Pour la clarté du propos, ces interventions ont été regroupées à la suite des deux exposés.
A.
L’EXPÉRIENCE DE BAIE-DES-CHALEURS
Bâtir un CÉR comme les autres, dans un petit centre
Avocate en pratique privée depuis cinq ans, Mme Véronique Henry en est à sa première expérience
comme membre d’un CÉR. Elle préside un CÉR créé en novembre 2002 par le Centre hospitalier de la
Baie-des-Chaleurs mais rattaché depuis peu au Centre de santé et de services sociaux de la Baie-desChaleurs, lequel est issu du regroupement du centre hospitalier et de deux CLSC. Le nouveau regroupement permet d’offrir des services à environ 35 000 personnes, réparties sur un territoire de plus 200 kilomètres carrés. Le CÉR est formé de sept membres, auxquels s’ajoute un membre substitut.
Depuis sa création, le CÉR a évalué 6 projets de
recherche, dont 5 étaient des projets de phase IV.
Ces projets étaient soumis par l’entreprise privée.
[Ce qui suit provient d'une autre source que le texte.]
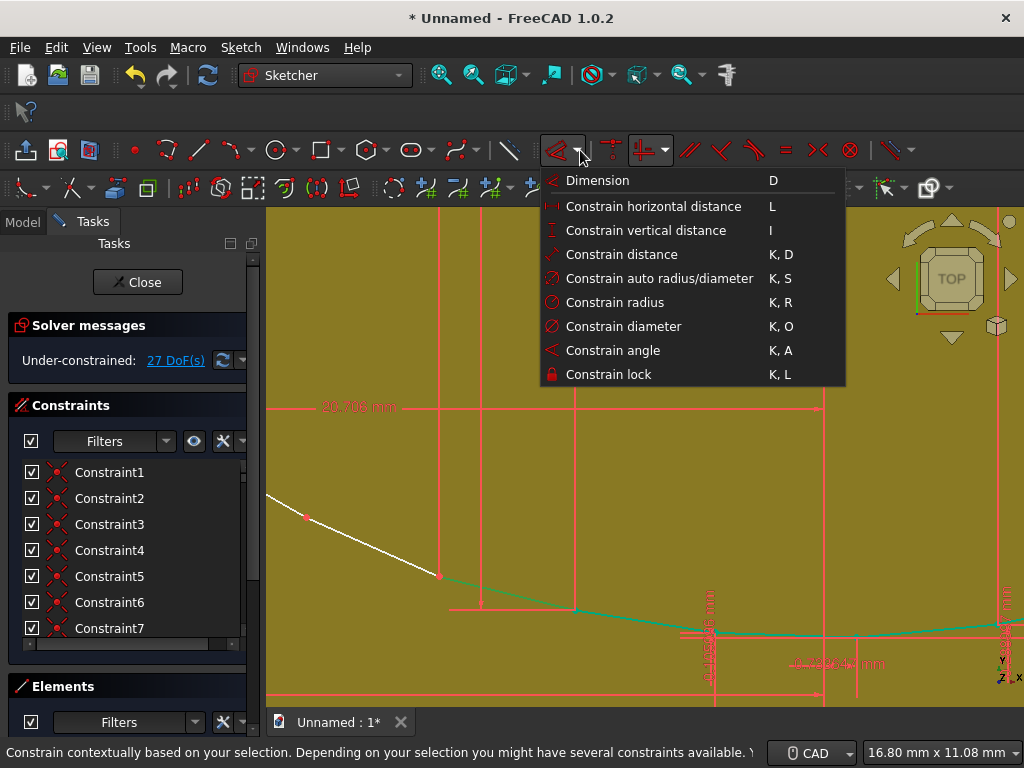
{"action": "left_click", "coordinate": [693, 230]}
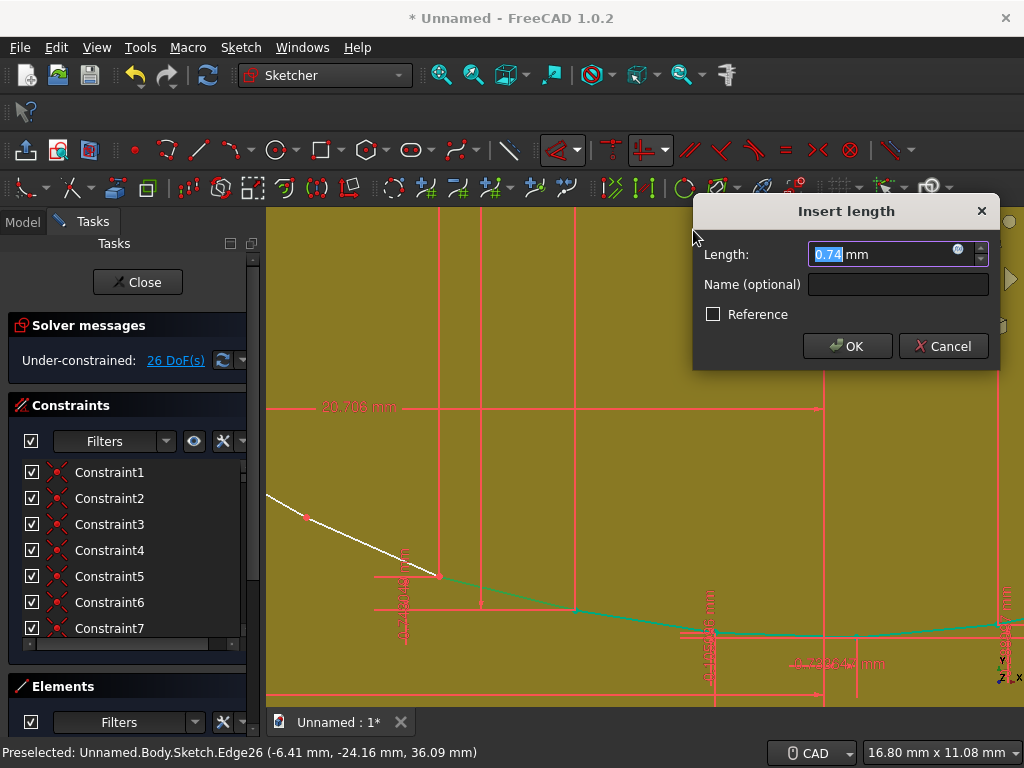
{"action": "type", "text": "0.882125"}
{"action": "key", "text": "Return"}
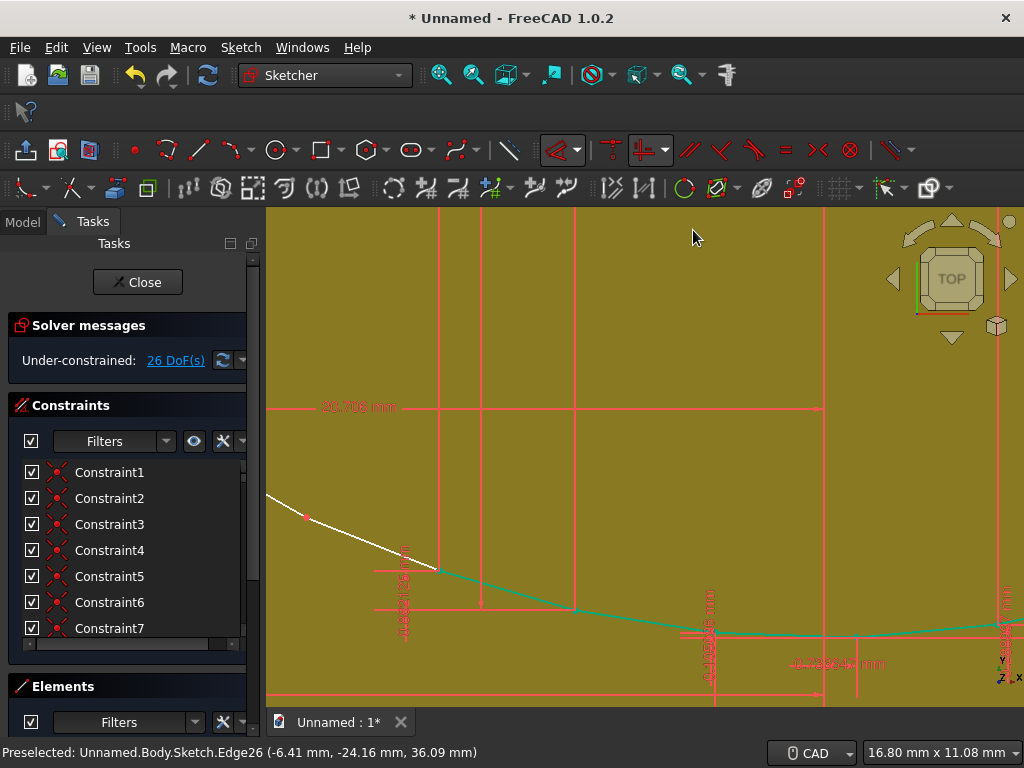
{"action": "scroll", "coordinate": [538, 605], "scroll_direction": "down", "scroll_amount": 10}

Il s’agissait, par exemple, de comparer l’utilisation de
deux médicaments ou encore de collecter des données inscrites dans le dossier des patients hospitalisés. Aucun de ces projets ne concernait des mineurs
ou des majeurs inaptes.
« Nous ne sommes pas
un “petit” CÉR.
Nous formons un CÉR
comme les autres,
mais qui travaille dans
un petit centre. »
Deux de ces projets ont été annulés pour des raisons techniques : patients dirigés vers un hôpital spécialisé de Québec qui n’était pas le centre de référence du centre hospitalier, trop long délai entre la
demande du promoteur et l’évaluation scientifique. Les quatre autres projets sont en cours et évoluent
normalement : le recrutement des sujets a été entrepris, le personnel hospitalier s’habitue à travailler avec
les formulaires de consentement, etc.
Chaque projet de recherche présenté à l’établissement est soumis à l’examen de trois comités qui évaluent
sa conformité scientifique, sa conformité éthique et les conditions de sa faisabilité, incluant les ressources
matérielles, techniques et humaines qu’on devra y consacrer.
Les défis qui se posent à un petit centre
Un CÉR qui travaille dans un petit centre urbain éloigné des pôles universitaires ou de recherche doit
relever un certain nombre de défis inhérents à ce contexte.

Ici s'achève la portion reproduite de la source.